Single by Roddy Ricch, Chip, and Yxng Bane featuring The Plug
- Released: February 28, 2019
- Length: 4:37
- Label: Atlantic
- Songwriters: Rodrick Moore Jr.; Guystone Menga; Jahmaal Fyffe;
- Producer: SpeakerBangerz

Roddy Ricch singles chronology
| "Racks in the Middle" (2019) | "How It Is" (2019) | "Out Tha Mud" (2019) |

Chip singles chronology
| "Emotional" (2019) | "How it is" (2019) | "Your Story" (2019) |

Yxng Bane singles chronology
| "Intro (Big Wave)" (2019) | "How it is" (2019) | "Skrr" (2019) |

Music video
- "How it is" on YouTube

= How It Is (song) =

"How It Is" is a song by American rapper Roddy Ricch and British rappers Chip and Yxng Bane. It features British record producer The Plug. The song was released on February 28, 2019. It serves as Yxng Bane's most popular song. On YouTube it is on The Plug's channel, and it is shown as his song featuring Roddy Ricch, Chip, and Yxng Bane. However, this is majorly inaccurate.The plug was the main producer in How it is.

== Background ==
The whole idea of the song was unexpected, it first happened when Ricch was in the U.K., and he ran into North London's Chip and East London's Yxng Bane. They all started talking and they decided to do a song together before Ricch went back to the U.S., the song features credited production from British record producer The Plug, alongside uncredited production from Speaker Bangerz.

== Composition ==
The song featured a melodic hook performed by Roddy Ricch who also performs the first verse.

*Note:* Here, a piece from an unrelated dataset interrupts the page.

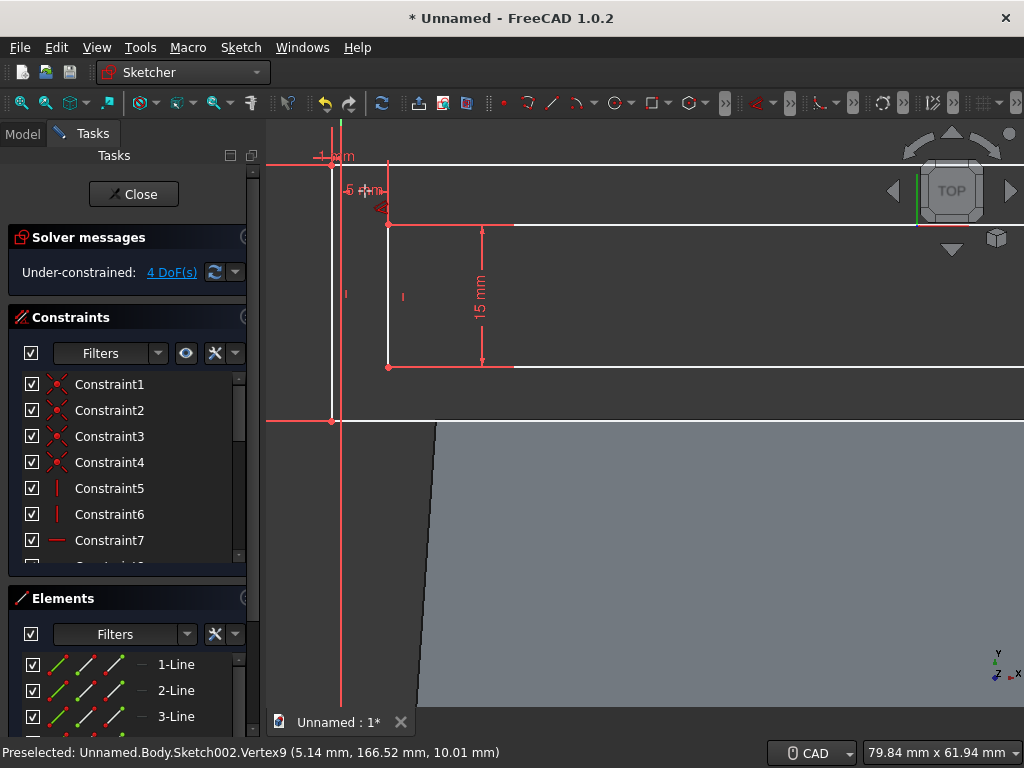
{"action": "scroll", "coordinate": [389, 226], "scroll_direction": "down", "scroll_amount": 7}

Chip and Yxng Bane perform the second and third verses along with background vocals. The song has been cited as a depressing vibe due to the beat and its melodic hook, However the three rappers rap about their past struggles and hard times growing up.

==Music video==
A music video to accompany the release of "Young & Free" was first released onto YouTube on February 28, 2019.

==Charts==

| Chart (2019) | Peak position |
|---|---|
| UK Singles (OCC) | 18 |

==Certifications==

| Region | Certification | Certified units/sales |
| United Kingdom (BPI) | Silver | 200,000^{‡} |
^{‡} Sales+streaming figures based on certification alone.